12-04-2015 05:25 AM
12-04-2015 05:26 AM
This is a general thing with decimals. I can't remember the exact terminology for it, but the underlying number is stored with a very tiny part of the number, so you may be comparing 0.3 to 0.3000000000000001, which is different. This is down to the memory storgae of the number and you will come across it a bit. I would always recommend, unless you need to leave a raw number, to round to a know decimal value to omit these kind of problems:
data have; x = 0.3; y = 0.1 + 0.1 + 0.1; if round(x,.1)=round(y,.1) then z="same"; else z="not"; run;
12-04-2015 06:21 AM - edited 12-04-2015 06:22 AM
You have encountered a numeric representation issue. Roughly speaking, numeric values are stored in the binary system in the computer's memory, not in the familiar decimal system.
In your example:
0.1 (decimal) = 0.00011001100110011... (binary)

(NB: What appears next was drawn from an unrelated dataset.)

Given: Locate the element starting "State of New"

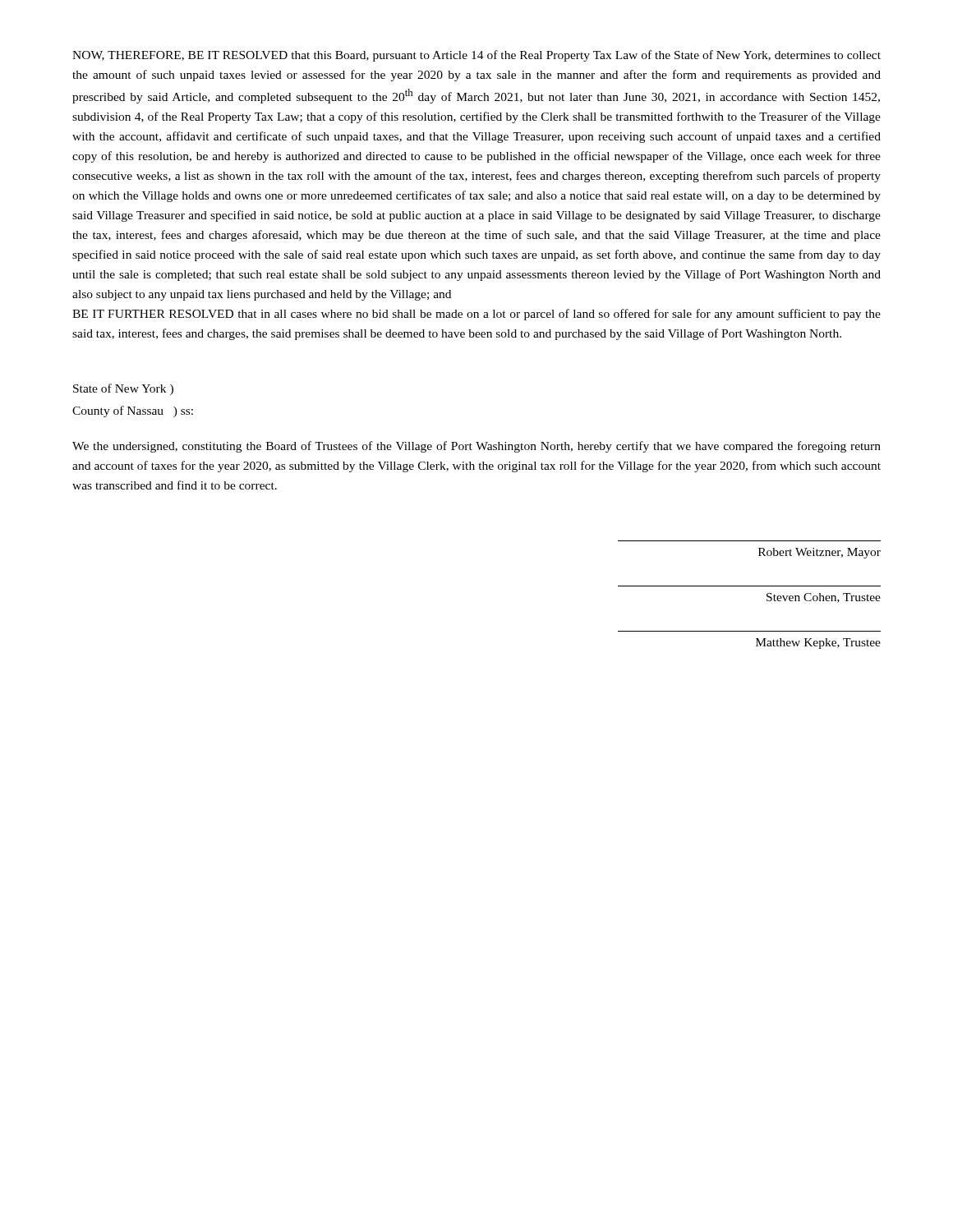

Note that the binary value is a periodic fraction. For an exact representation the "0011" would need to be repeated infinitely many times, like the 3s in 1/3=0.3333... in the decimal system. Since there are only finitely many bits available to store that value (64 bits on Windows, provided that the numeric variable is stored with the default length of 8 Bytes), the computer has no other choice but to round or truncate the infinite sequence of binary digits. But this produces a small rounding error, a numeric representation error. For the decimal number 0.1 this error is 0.4*2^-56 (on Windows), which is approx. 5.55*10^-18. Very small, but, as you know, rounding errors can accumulate easily in calculations and thus lead to surprising results, like 0.1+0.1+0.1 ne 0.3.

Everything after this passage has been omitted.